Cerchiamo di fare, per quanto possibile, un esempio pratico di quanto detto fino a questo punto, anche se sarà, per forze di cose, semplificato, limitato e incompleto.

L’origine del trauma

Supponiamo che l’AT a cui è collegato un bambino suggerisca che è sbagliato prendere a schiaffi le altre persone.

Nel momento in cui eventualmente accada che il bambino venga preso a schiaffi, egli subirà il trauma del dover vivere un’esperienza che, interiormente, grazie ai modelli suggeriti dall’AT, percepisce come sbagliata.

A quel punto, al suo interno viene a crearsi una vibrazione di incertezza (molto spesso legata alla paura e, quindi, al corpo astrale) che porta come conseguenza la creazione di una turbolenza vibratoria nel corpo inferiore più direttamente coinvolto nell’episodio (oltre a piccole turbolenze minori negli altri copri inferiori).

Questa turbolenza vibratoria (ricordate il concetto di fantasma?) ha la conseguenza di irrigidire il corpo interessato (in realtà non l’intero corpo, per fortuna, ma solo una sua porzione) cosicché l’Io del bambino non può più lasciare fluire liberamente i dati attraverso i suoi corpi inferiori.

Si crea, così, una sorta di frattura parziale dell’Io che vede diventare inaccessibile una parte di .

La manifestazione del trauma si manifesterà sul piano fisico attraverso il comportamento dell’individuo in questione (i cosiddetti complessi) portando a disturbi dell’affettività se il corpo interessato è principalmente l’astrale, a disturbi della sfera mentale o a disturbi fisiologici nel caso che i corpi più interessati siano rispettivamente quello mentale o quello fisico.

Per fornirvi un’immagine figurata è come se l’Io si frantumasse in porzioni diverse, alcune collegate perfettamente, altre collegate parzialmente e altre ancora impossibilitate a collegarsi.

Ovviamente i traumi possono ripetersi nel tempo, possono essere più o meno complessi o sommarsi a traumi successivi, portando così a tutte quelle forme di problemi psicologici più o meno gravi conosciuti dall’attuale casistica medica, dal più semplice sintomo psicosomatico alle gravi dissociazioni mentali.

Spero che tutto questo vi risulti abbastanza comprensibile, anche se a fatica.
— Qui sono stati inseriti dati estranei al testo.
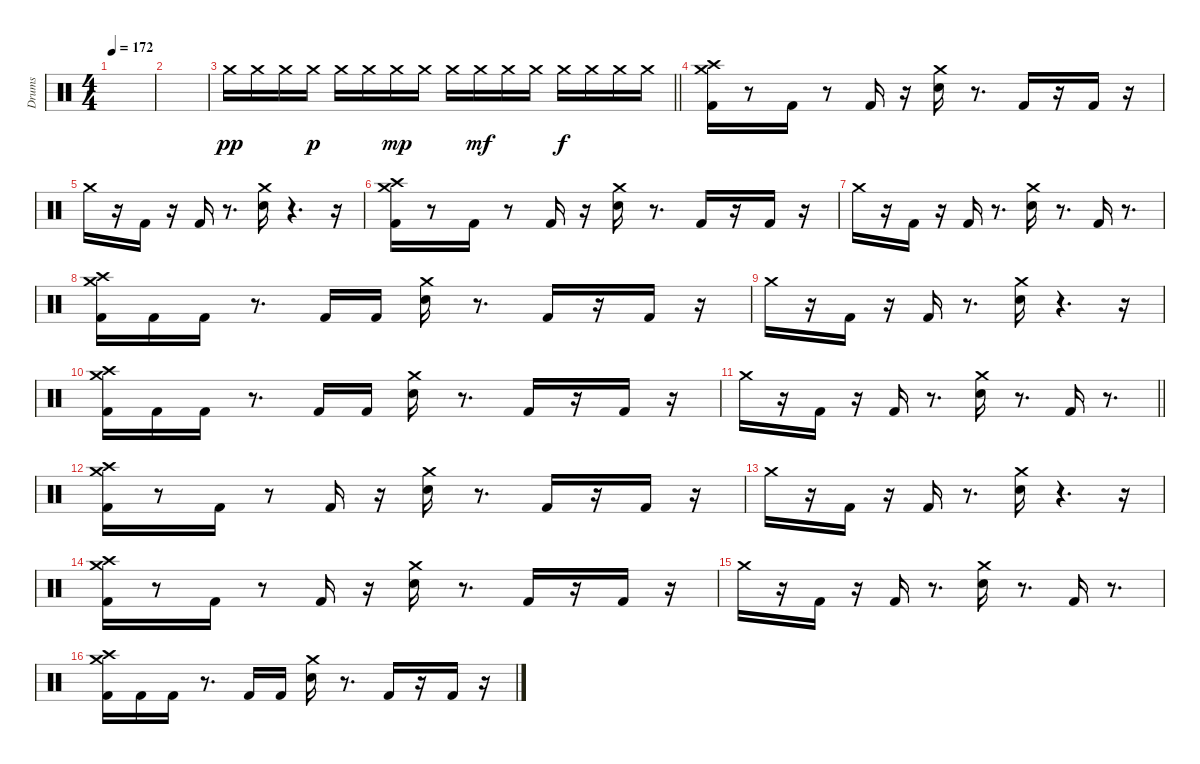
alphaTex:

\track ("Drums" "Drums") {instrument percussion}
\staff {score}
\articulation defaults
\ts (4 4)
\tempo 172
\clef neutral
\ks c
|
|
\barLineRight lightlight "Crash medium (hit)".16{dy pp} "Crash medium (hit)".16 "Crash medium (hit)".16 "Crash medium (hit)".16{dy p} "Crash medium (hit)".16 "Crash medium (hit)".16 "Crash medium (hit)".16{dy mp} "Crash medium (hit)".16 "Crash medium (hit)".16 "Crash medium (hit)".16{dy mf} "Crash medium (hit)".16 "Crash medium (hit)".16 "Crash medium (hit)".16{dy f} "Crash medium (hit)".16 "Crash medium (hit)".16 "Crash medium (hit)".16
|
\section ("" " ")
("Kick (hit) 2" "Crash medium (hit)" "Crash high (hit)").16 r.8 "Kick (hit) 2".16 r.8 "Kick (hit) 2".16 r.16 ("Snare (hit) 2" "Crash medium (hit)").16 r.8{d} "Kick (hit) 2".16 r.16 "Kick (hit) 2".16 r.16 |
"Crash medium (hit)".16 r.16 "Kick (hit) 2".16 r.16 "Kick (hit) 2".16 r.8{d} ("Snare (hit) 2" "Crash medium (hit)").16 r.4{d} r.16 |
("Kick (hit) 2" "Crash medium (hit)" "Crash high (hit)").16 r.8 "Kick (hit) 2".16 r.8 "Kick (hit) 2".16 r.16 ("Snare (hit) 2" "Crash medium (hit)").16 r.8{d} "Kick (hit) 2".16 r.16 "Kick (hit) 2".16 r.16 |
"Crash medium (hit)".16 r.16 "Kick (hit) 2".16 r.16 "Kick (hit) 2".16 r.8{d} ("Snare (hit) 2" "Crash medium (hit)").16 r.8{d} "Kick (hit) 2".16 r.8{d} |
("Kick (hit) 2" "Crash medium (hit)" "Crash high (hit)").16 "Kick (hit) 2".16 "Kick (hit) 2".16 r.8{d} "Kick (hit) 2".16 "Kick (hit) 2".16 ("Snare (hit) 2" "Crash medium (hit)").16 r.8{d} "Kick (hit) 2".16 r.16 "Kick (hit) 2".16 r.16 |
"Crash medium (hit)".16 r.16 "Kick (hit) 2".16 r.16 "Kick (hit) 2".16 r.8{d} ("Snare (hit) 2" "Crash medium (hit)").16 r.4{d} r.16 |
("Kick (hit) 2" "Crash medium (hit)" "Crash high (hit)").16 "Kick (hit) 2".16 "Kick (hit) 2".16 r.8{d} "Kick (hit) 2".16 "Kick (hit) 2".16 ("Snare (hit) 2" "Crash medium (hit)").16 r.8{d} "Kick (hit) 2".16 r.16 "Kick (hit) 2".16 r.16 |
\barLineRight lightlight "Crash medium (hit)".16
r.16 "Kick (hit) 2".16 r.16 "Kick (hit) 2".16 r.8{d} ("Snare (hit) 2" "Crash medium (hit)").16 r.8{d} "Kick (hit) 2".16 r.8{d} |
\section ("" " ")
("Kick (hit) 2" "Crash medium (hit)" "Crash high (hit)").16 r.8 "Kick (hit) 2".16 r.8 "Kick (hit) 2".16 r.16 ("Snare (hit) 2" "Crash medium (hit)").16 r.8{d} "Kick (hit) 2".16 r.16 "Kick (hit) 2".16 r.16 |
"Crash medium (hit)".16 r.16 "Kick (hit) 2".16 r.16 "Kick (hit) 2".16 r.8{d} ("Snare (hit) 2" "Crash medium (hit)").16 r.4{d} r.16 |
("Kick (hit) 2" "Crash medium (hit)" "Crash high (hit)").16 r.8 "Kick (hit) 2".16 r.8 "Kick (hit) 2".16 r.16 ("Snare (hit) 2" "Crash medium (hit)").16 r.8{d} "Kick (hit) 2".16 r.16 "Kick (hit) 2".16 r.16 |
"Crash medium (hit)".16 r.16 "Kick (hit) 2".16 r.16 "Kick (hit) 2".16 r.8{d} ("Snare (hit) 2" "Crash medium (hit)").16 r.8{d} "Kick (hit) 2".16 r.8{d} |
("Kick (hit) 2" "Crash medium (hit)" "Crash high (hit)").16 "Kick (hit) 2".16 "Kick (hit) 2".16 r.8{d} "Kick (hit) 2".16 "Kick (hit) 2".16 ("Snare (hit) 2" "Crash medium (hit)").16 r.8{d} "Kick (hit) 2".16 r.16 "Kick (hit) 2".16 r.16

Immagino, comunque, che molti di voi obietteranno che quello che manca è il punto più importante, cioè come risolvere i problemi “psicologici” dell’individuo.

La risoluzione del problema

Io direi che la maggior parte di questi problemi è risolvibile con un’appropriata “igiene interiore“: può essere sufficiente, nella maggioranza dei casi, osservare attentamente se stessi e cercare di andare a fondo sui personali perché che alimentano i propri problemi.

Applicando, in altre parole a voi più abituali, il famoso “conosci te stesso” così spesso citato dalle Guide: se esercitato con pazienza, costanza e continuità, senza lasciare accumulare i traumi, si riesce da soli a ricostruire i collegamenti interrotti all’interno dei propri corpi, aiutati in questo dalla naturale tendenza all’equilibrio connaturata alla materia che li compone.

In questa maniera l’Io si ricompone, le vibrazioni riprendono a circolare in maniera costante e l’intera personalità diventa più armonica e in grado di reagire positivamente anche alle più grandi disavventure conseguenti alle esperienze fatte.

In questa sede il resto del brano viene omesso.